(Items listed in a dataset)
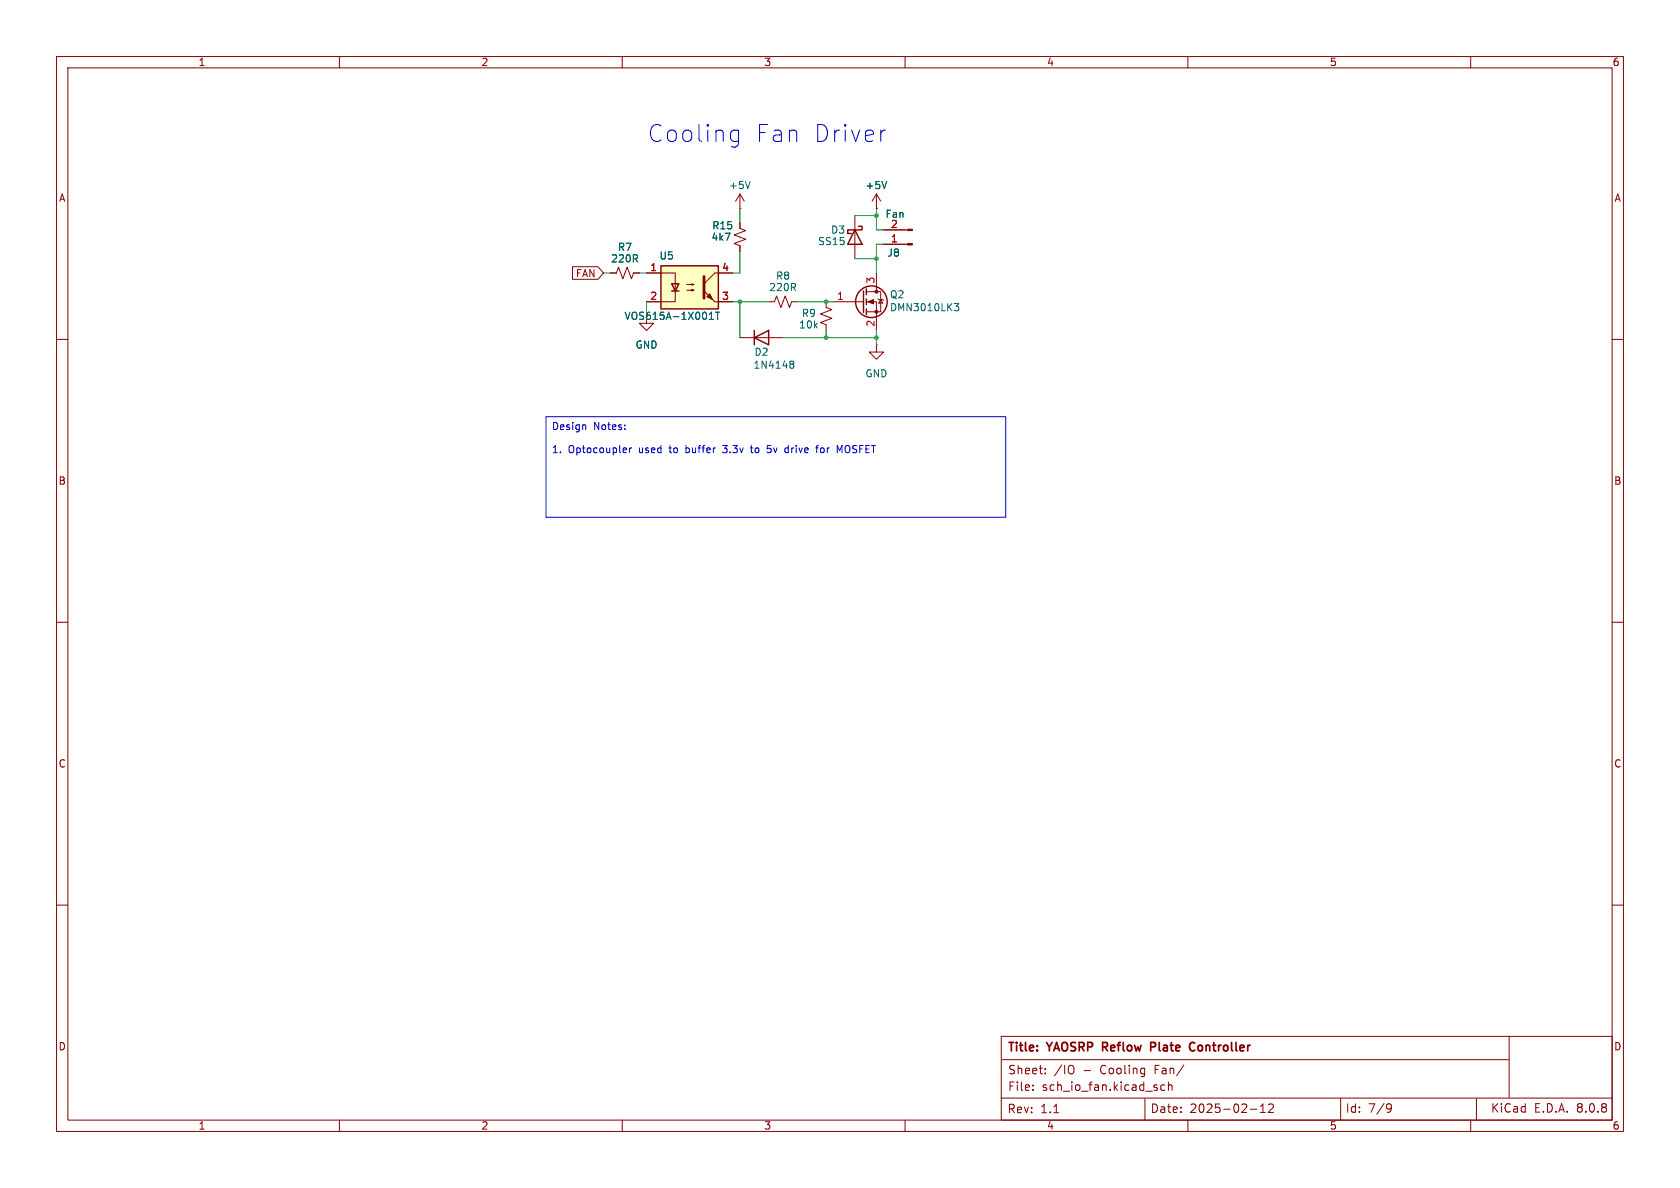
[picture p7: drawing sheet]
<svg xmlns="http://www.w3.org/2000/svg" width="297mm" height="210mm" viewBox="0 0 297 210" stroke-linecap="round" stroke-linejoin="round" font-family="sans-serif">
<defs><g id="words">
<g font-size="4.2" fill="#0000c2">
<text x="114.5" y="25.4">Cooling</text>
<text x="133.5" y="25.4">Fan</text>
<text x="143.6" y="25.4">Driver</text>
</g>
<g font-size="2.1" fill="#840000">
<text x="178" y="186.3">Title:</text>
<text x="178.1" y="190.1">Sheet:</text>
<text x="185.3" y="186.3">YAOSRP</text>
<text x="186.3" y="190.1">/IO</text>
<text x="191.5" y="190.1">-</text>
<text x="194.7" y="190.1">Cooling</text>
<text x="195.6" y="186.3">Reflow</text>
<text x="204.4" y="190.1">Fan/</text>
<text x="204.7" y="186.3">Plate</text>
<text x="212.2" y="186.3">Controller</text>
<text x="178" y="197">Rev:</text>
<text x="178.1" y="193.1">File:</text>
<text x="183.9" y="197">1.1</text>
<text x="184.2" y="193.1">sch_io_fan.kicad_sch</text>
<text x="203.3" y="196.9">Date:</text>
<text x="210.3" y="196.9">2025-02-12</text>
<text x="237.8" y="196.9">Id:</text>
<text x="241.9" y="196.9">7/9</text>
<text x="263.5" y="196.9">KiCad</text>
<text x="271.2" y="196.9">E.D.A.</text>
<text x="278.8" y="196.9">8.0.8</text>
</g>
<g font-size="1.8" fill="#840000">
<text x="35" y="11.9">1</text>
<text x="85" y="11.9">2</text>
<text x="135" y="11.9">3</text>
<text x="185" y="11.9">4</text>
<text x="235" y="11.9">5</text>
<text x="285" y="11.9">6</text>
<text x="10.3" y="35.9">A</text>
<text x="285.3" y="35.9">A</text>
<text x="101.7" y="49.2">FAN</text>
<text x="110.3" y="56.7">VOS615A-1X001T</text>
<text x="10.3" y="85.9">B</text>
<text x="285.3" y="85.9">B</text>
<text x="10.3" y="135.9">C</text>
<text x="285.3" y="135.9">C</text>
<text x="10.3" y="185.9">D</text>
<text x="285.3" y="185.9">D</text>
<text x="35" y="199.9">1</text>
<text x="85" y="199.9">2</text>
<text x="135" y="199.9">3</text>
<text x="185" y="199.9">4</text>
<text x="235" y="199.9">5</text>
<text x="285" y="199.9">6</text>
</g>
<g font-size="1.8" fill="#006464">
<text x="128.8" y="33.6">+5V</text>
<text x="152.9" y="33.6">+5V</text>
<text x="125.8" y="40.7">R15</text>
<text x="146.8" y="41.5">D3</text>
<text x="156.4" y="38.7">Fan</text>
<text x="107.9" y="46.6">220R</text>
<text x="109.1" y="44.6">R7</text>
<text x="116.5" y="46.1">U5</text>
<text x="125.7" y="42.8">4k7</text>
<text x="144.5" y="43.5">SS15</text>
<text x="156.8" y="45.6">J8</text>
<text x="135.9" y="51.7">220R</text>
<text x="137.1" y="49.6">R8</text>
<text x="157.2" y="52.9">Q2</text>
<text x="141.2" y="58.3">10k</text>
<text x="141.7" y="56.2">R9</text>
<text x="157.2" y="55.2">DMN3010LK3</text>
<text x="112.3" y="61.8">GND</text>
<text x="133.1" y="65.4">1N4148</text>
<text x="133.3" y="63.1">D2</text>
<text x="152.9" y="66.9">GND</text>
</g>
<g font-size="1.8" fill="#a90000">
<text x="157.4" y="40.4">2</text>
<text x="157.4" y="42.9">1</text>
<text x="114.9" y="48">1</text>
<text x="114.9" y="53.1">2</text>
<text x="127.6" y="53.1">3</text>
<text x="127.6" y="48">4</text>
<text x="147.9" y="53.1">1</text>
<text x="154.7" y="50.2" transform="rotate(-90 154.7 50.2)">3</text>
<text x="154.7" y="57.9" transform="rotate(-90 154.7 57.9)">2</text>
</g>
<g font-size="1.8" fill="#0000c2">
<text x="97.5" y="76.3">Design</text>
<text x="104.9" y="76.3">Notes:</text>
<text x="97.5" y="80.4">1.</text>
<text x="100.5" y="80.4">Optocoupler</text>
<text x="113.1" y="80.4">used</text>
<text x="118.6" y="80.4">to</text>
<text x="121.7" y="80.4">buffer</text>
<text x="128.5" y="80.4">3.3v</text>
<text x="133.6" y="80.4">to</text>
<text x="136.7" y="80.4">5v</text>
<text x="140" y="80.4">drive</text>
<text x="145.8" y="80.4">for</text>
<text x="149.6" y="80.4">MOSFET</text>
</g>
</g></defs>
<g fill="none" stroke="#840000" stroke-width=".18">
<path d="M10 10h277v190h-277zM12 12h273v186h-273zM60 10v2M110 10v2M160 10v2M210 10v2M260 10v2M107.9 48.3h1.1l.3-1.1 .8 2.1 .8-2.1 .7 2.1 .4-1h1M114.3 55.9v1.3h1.3l-1.3 1.2-1.3-1.2h1.3M156.2 40.6h4.2M156.2 43.2h4.2M10 60h2"/>
<path d="M154.9 61v1.2h1.3l-1.3 1.3-1.2-1.3h1.2M154.9 61h.1M285 60h2M10 110h2M285 110h2M10 160h2M285 160h2M60 198v2M110 198v2M160 198v2M177 194.1h108M177 183.2h108v14.8h-108z"/>
<path d="M177.2 187.3h89.5M182.6 192.6v.2M182.6 191.8v.2M184.8 189.7v.1M184.8 188.9v.1M186.3 196.7h.9M189.6 188.4a1.07 1.07 0 0 1 0 1.4M202.2 188.8l.2 .1M202.4 188.8l-.1 1.4M202.4 189.8h-.2M202.4 194.3v3.7M205.9 191.8h-.4l-.3 .2v.5l.1 .2h.6"/>
<path d="M206.6 191.9l.2-.1h.3l.1 1M206.6 191.3v1.5M210 198v2M221.1 196.1h1.1M222.8 196.7h.9M222.8 195.6l.5-.4v1.5M224.3 195.3l.5-.1 .3 .1v.3l-.9 1.1h.9M237 194.2v3.8M245.4 195.1l.5 .2a.99 .99 0 0 1-.4 1.3h-.2M246 195.8l-.3 .3h-.3M260 198v2M261 194.2v3.8"/>
<path d="M266.8 183.2v10.8"/>
</g>
<path d="M194.9 185.1h.6M195.5 184.3h-.6v1.5M204.2 184.3h-.8v1.5M204.2 185l-.8 .1M210.3 185.1a.56 .56 0 0 0 .3 .6 .56 .56 0 0 0 .6-.1M211.2 184.4v-.1a.58 .58 0 0 0-.7 .1 .58 .58 0 0 0-.2 .5" fill="none" stroke="#840000" stroke-width=".3"/>
<g fill="#840000" stroke="#840000" stroke-width=".18">
<path d="M160.4 40.5h.9v.3h-.9z"/>
<path d="M160.4 43.1h.9v.2h-.9z"/>
</g>
<path d="M116.8 47h10.2v7.6h-10.2z" fill="#ffffc2"/>
<g fill="none" stroke="#840000" stroke-width=".25">
<path d="M116.8 47h10.2v7.6h-10.2zM118.7 50.2h1.3l-.6 1.2zM118.7 51.4h1.3M133.3 59.7l2.6-1.3v2.6zM133.3 58.4v2.6M151.1 40.6l1.3 2.6h-2.5zM151.8 40h.6v.6h-2.5v.7h.6M152.7 51.4v3.8M153.2 51.1v1M153.2 52.8v1M153.2 54.6v1"/>
<circle cx="154.1" cy="53.3" r="2.79"/>
</g>
<g fill="none" stroke="#840000" stroke-width=".18">
<path d="M130.8 39.4v1l1 .4-2 .7 2 .8-2 .8 1 .3v1.1M130.8 36.8h.1M130.8 34.3v2.5M130.8 34.3l-.8 1.3M130.8 34.3l.8 1.3M151.1 38.1v7.6M154.9 36.8h.1M154.9 34.3v2.5M154.9 34.3l-.7 1.3M154.9 34.3l.8 1.3M101.2 47.1h4.5l1 1.2-1 1.1h-4.5zM107.9 48.3h1.1"/>
<path d="M112 48.3h1M114.3 48.3h5.1v5h-5.1M121.4 51.3h1.3l-.4 .1v-.2l.4 .1M121.4 50.3h1.3l-.4 .1v-.2l.4 .1M126.4 53.3h3.1M129.5 48.3h-3.1l-1.9 1.9M130.8 59.7h7.6M135.9 53.3h1l.4-1 .7 2.1 .8-2.1 .8 2.1 .4-1.1h1M146 53.3v1.1l1.1 .3-2.1 .8 2.1 .8-2.1 .7 1 .4v1M147.3 53.3h5.4M153.2 53.3h1.7v5.1M153.2 51.6h2.5v3.5h-2.5"/>
<path d="M154.9 48.3v3.3M155.2 52.8l.1 .2h.8l.1 .1M155.7 53l.4 .6h-.8zM156.2 43.2h3.8M156.2 40.6h3.8"/>
</g>
<g fill="#840000" stroke="#840000" stroke-width=".18">
<path d="M124.5 51.4l1.9 1.9z"/>
<path d="M125 52.5l.5-.6 .5 1.1z"/>
<path d="M153.4 53.3l1-.3v.7z"/>
<circle cx="154.9" cy="55.1" r=".25"/>
<circle cx="154.9" cy="51.6" r=".25"/>
</g>
<path d="M124.5 48.9v3.8" fill="none" stroke="#840000" stroke-width=".51"/>
<path d="M132.6 32.1l-.4 1.2M156.8 32.1l-.5 1.2M125.4 56.5h.7M125.5 55.5l.3-.3v1.3M126.5 55.2h.7M126.9 55.2v1.3M168.7 53.7h.8l-.4 .4 .3 .2 .1 .4-.2 .2h-.4M139.7 64.3l.2 .1M139.7 63.9l.4-.1 .2 .1 .1 .2-.3 .3M139.9 64.4h.2M139.9 64.4h-.2M140.1 64.4l.3 .2-.1 .4-.2 .1-.4-.1" fill="none" stroke="#006464" stroke-width=".18"/>
<g fill="none" stroke="#0000c2" stroke-width=".18">
<path d="M129.7 23h.6l.3 .1M130.6 23v2.4a.81 .81 0 0 1-1 .6M130.6 24.9l-.3 .1h-.6M156.6 23l-.6 .1M96.5 73.7h81.3v17.7h-81.3zM103.4 75.1l.2 .2v.6M110.5 75.8v.1M110.5 75.1v.2M110.7 79.2l.1 .3-.6 .1M111.3 79.2v.8M111.7 79.2l-.4 .2M127.7 78.8h.8"/>
<path d="M127.7 79.9l.2 .1M132.6 79.2h.5M132.8 78.8v1l.3 .2M135.7 78.8h.6M135.7 80h.5M135.7 79.3h.5M139 79.2h.4M139.4 80h-.4M139.4 78.8v1.2M144.2 79.2h.5M144.7 78.8l-.3 .1M145.3 79.2l-.3 .2v.4l.3 .2"/>
<path d="M148.4 79.7l.5-.9v1.2"/>
</g>
<g fill="none" stroke="#009600" stroke-width=".18">
<path d="M130.8 36.8v2.6M151.1 38.1h3.8M154.9 36.8v3.8h1.3M106.7 48.3h1.2M113 48.3h1.3M114.3 53.3v2.6M129.5 53.3h6.4M130.8 44.5v3.8h-1.3M130.8 53.3v6.4M138.4 59.7h16.5M141 53.3h6.3M146 58.4v1.3"/>
<path d="M151.1 45.7h3.8M154.9 58.4v2.6M156.2 43.2h-1.3v5.1"/>
</g>
<g fill="#009600" stroke="#009600" stroke-width=".18">
<circle cx="154.9" cy="38.1" r=".3"/>
<circle cx="154.9" cy="45.7" r=".3"/>
<circle cx="154.9" cy="59.7" r=".3"/>
<circle cx="146" cy="59.7" r=".3"/>
<circle cx="146" cy="53.3" r=".3"/>
<circle cx="130.8" cy="53.3" r=".3"/>
</g>
<use href="#words"/>
</svg>

# [TASK OBJECTIVE]
Go through the entries above and report each line with the string "none" in it.

# [WORKED SOLUTION]
<g fill="none" stroke="#840000" stroke-width=".18">
<path d="M194.9 185.1h.6M195.5 184.3h-.6v1.5M204.2 184.3h-.8v1.5M204.2 185l-.8 .1M210.3 185.1a.56 .56 0 0 0 .3 .6 .56 .56 0 0 0 .6-.1M211.2 184.4v-.1a.58 .58 0 0 0-.7 .1 .58 .58 0 0 0-.2 .5" fill="none" stroke="#840000" stroke-width=".3"/>
<g fill="none" stroke="#840000" stroke-width=".25">
<g fill="none" stroke="#840000" stroke-width=".18">
<path d="M124.5 48.9v3.8" fill="none" stroke="#840000" stroke-width=".51"/>
<path d="M132.6 32.1l-.4 1.2M156.8 32.1l-.5 1.2M125.4 56.5h.7M125.5 55.5l.3-.3v1.3M126.5 55.2h.7M126.9 55.2v1.3M168.7 53.7h.8l-.4 .4 .3 .2 .1 .4-.2 .2h-.4M139.7 64.3l.2 .1M139.7 63.9l.4-.1 .2 .1 .1 .2-.3 .3M139.9 64.4h.2M139.9 64.4h-.2M140.1 64.4l.3 .2-.1 .4-.2 .1-.4-.1" fill="none" stroke="#006464" stroke-width=".18"/>
<g fill="none" stroke="#0000c2" stroke-width=".18">
<g fill="none" stroke="#009600" stroke-width=".18">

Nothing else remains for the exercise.